Article de dossier
Les porteurs d’oubli
Publié dans : L’autre 2007, Vol. 8, n°1
Dossier : Peut-on oublier ?
Marion GÉRY
Marion GÉRY est psychologue clinicienne à Marseille.
Pour citer cet article :
Géry M. Les porteurs d’oubli. Une expression de la souffrance dans la migration. L’autre, cliniques, cultures et sociétés, 2007, volume 8, n°1, pp. 77-93
Lien vers cet article : https://revuelautre.com/articles-dossier/les-porteurs-doubli/
Les porteurs d’oubli. Une expression de la souffrance dans la migration
Ce travail de recherche porte sur la fabrication d’un oubli dans le cadre d’une thérapie métaculturelle et sur ses incidences psychopathologiques. L’oubli est un objet de protection, qui se glisse fréquemment dans les interstices du cadre thérapeutique. L’oubli se métamorphose en symptôme : l’oubli de parler peut devenir mutisme sélectif. Mais le symptôme vient rappeler à son tour un autre oubli : l’oubli façonné par les parents qui n’ont pas transmis à leur enfant les couleurs, les odeurs, les sons, les pensées d’un autre monde, celui-là même où il a été fabriqué et qui leur a permis d’imaginer un jour, ceux qui viendraient après eux et cela bien avant leur conception. Une observation issue de la pratique clinique vient témoigner de la manière dont une enfant a pu être tenue éloignée de l’histoire des faits et gestes de son groupe d’appartenance et de comment elle s’en est trouvée vulnérabilisée.
Mots-clés : Mutisme sélectif, objet de protection, psychopathologie de l’oubli, thérapie métaculturelle, transmission et traumatisme, vulnérabilité.
Carriers of forgetting. An expression of the suffering in the migration
This research is about forgetting, within the framework of a metacultural therapie and about some psychopathologic incidences. Forgetting is a protector object who often glides into the craks of therapeutic framework. Forgetting sometimes becomes a symptom: silence (forgetting to speak) for exemple. This symptom is here to remind us another omission, caused by parents who never hand drown colors, smells, sounds, thoughts of another world, the way they were created and in which enables one to imagine one days, those coming after them and this, long before their conception. One clinic observation explains how on children can be kept away from the history to whitch she belongs and how in this way she is extremely vulnerable.
Key words: Psychopathologic forgetting, migration, silence, traumatic transmission, choc, metacultural therapy, vulnerability.
Los portadores de olvido. Una expresión del sufrimiento en la migración
Este trabajo de investigación trata de la fabricación de un olvido en el cuadro de una terapia metacultural y de sus incidencias psicopatológicas. El olvido es un acto-objecto bifácico, que se desliza a menudo en los interticios del cuadro terapéutico. Un olvido puede metamorfosearse en síntoma, el olvido de decir puede volverse mutismo electivo. Un síntoma que viene a recordar a su vez otro olvido: olvido modelado por los padres que no transmitieron a sus hijos los colores, los olores, los sonidos, los pensamientos del otro universo, ese mismo donde habían sido fabricados y que les permitió de imaginar un día aquellos que vendrían después de ellos y eso mucho antes de su concepción.
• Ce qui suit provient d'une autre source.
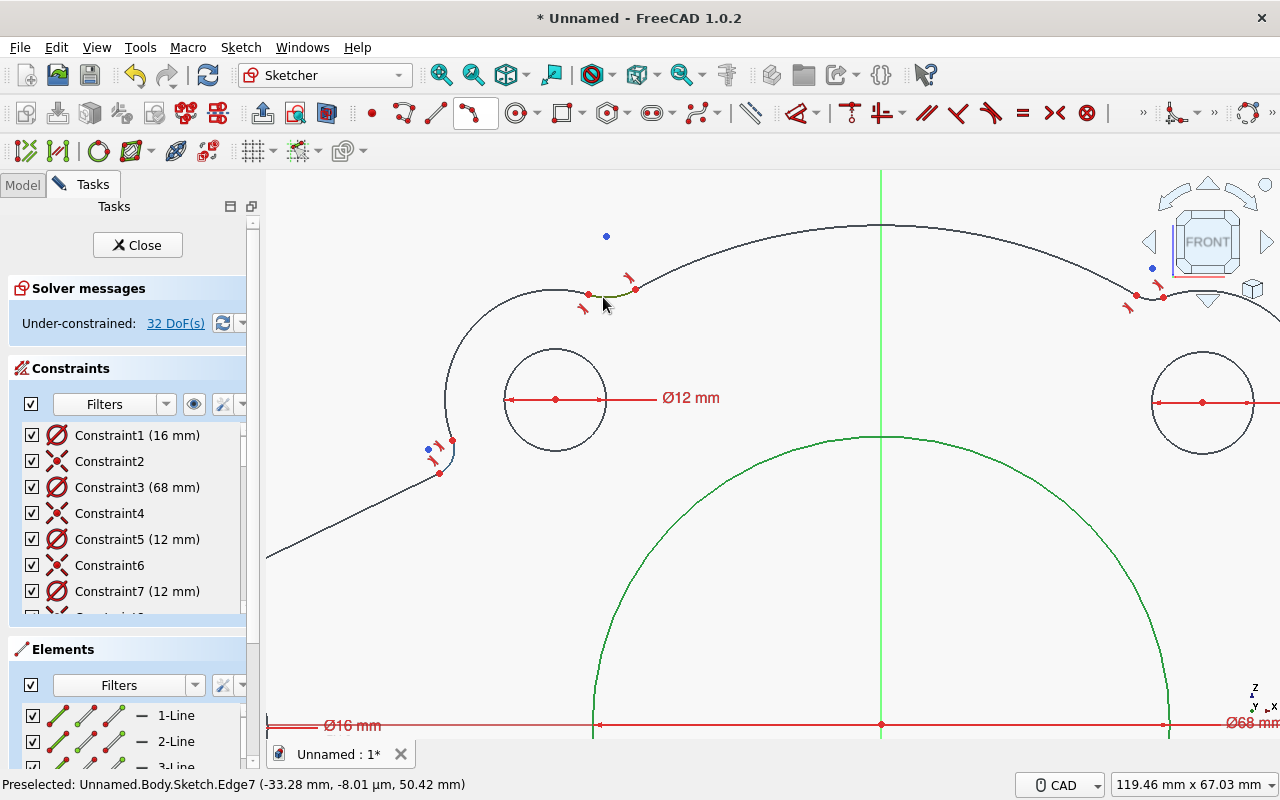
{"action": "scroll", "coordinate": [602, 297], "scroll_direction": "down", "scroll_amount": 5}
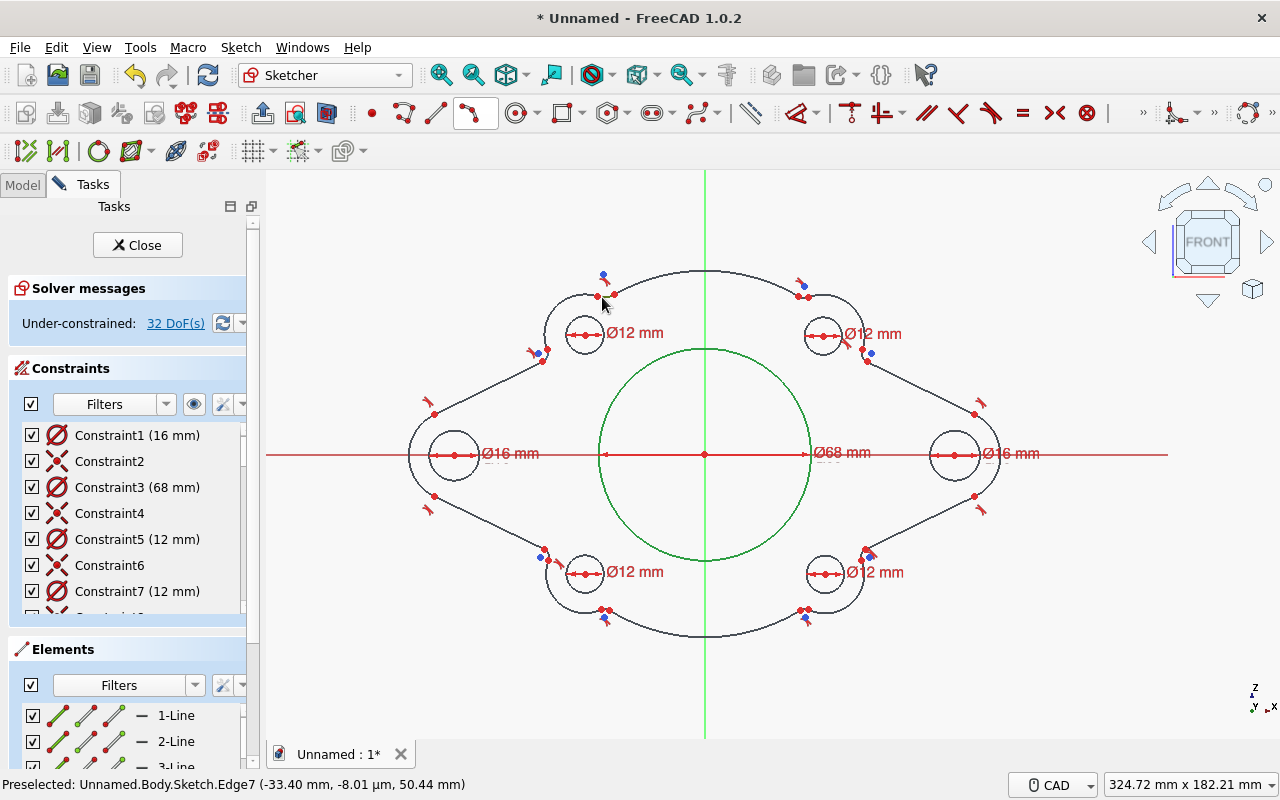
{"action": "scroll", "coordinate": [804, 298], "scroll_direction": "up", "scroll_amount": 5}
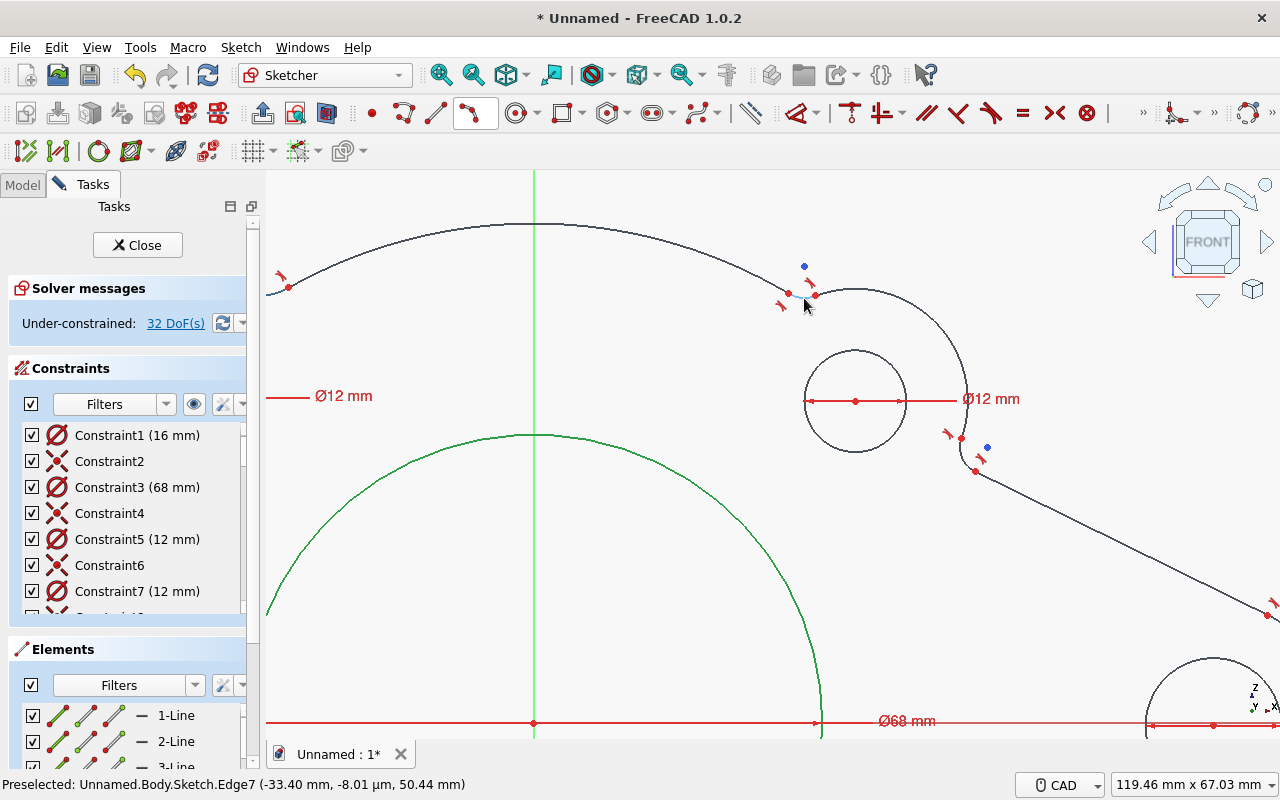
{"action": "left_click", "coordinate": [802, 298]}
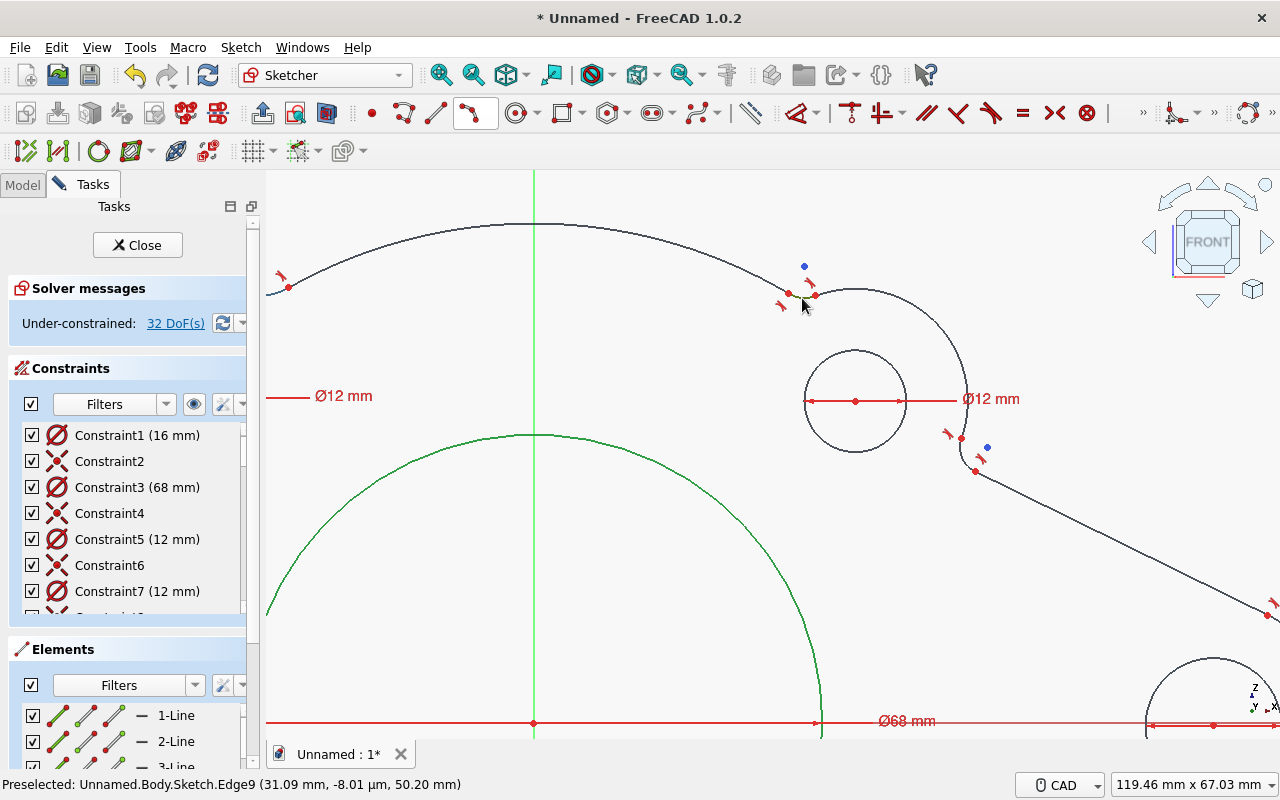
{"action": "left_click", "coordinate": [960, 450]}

Una observación sacada de la práctica clínica testimonia aquí de la manera en que una niña pudo estar tenida alejada de la historia, de los hechos y gestos de su grupo de pertenencia y de como se encontró asi fragilizada.
Palabras-claves: Psicopatología del olvido, mutismo electivo, desdoblamiento, transmisión y traumatismo, vulnerabilidad, terapia metacultural.
J’ai d’abord pensé intuitivement qu’il y avait deux choses que les hommes ne pouvaient pas oublier sans devenir aussitôt vulnérables : leur appartenance et leur pays. Et cela même lorsqu’il leur a fallu s’exiler, comme ces seize millions d’émigrants qui sont passés de 1892 à 1924 à Ellis Island, « l’île aux larmes » où basculait leur destin, où il fallait effacer le passé pour que s’ouvre un avenir.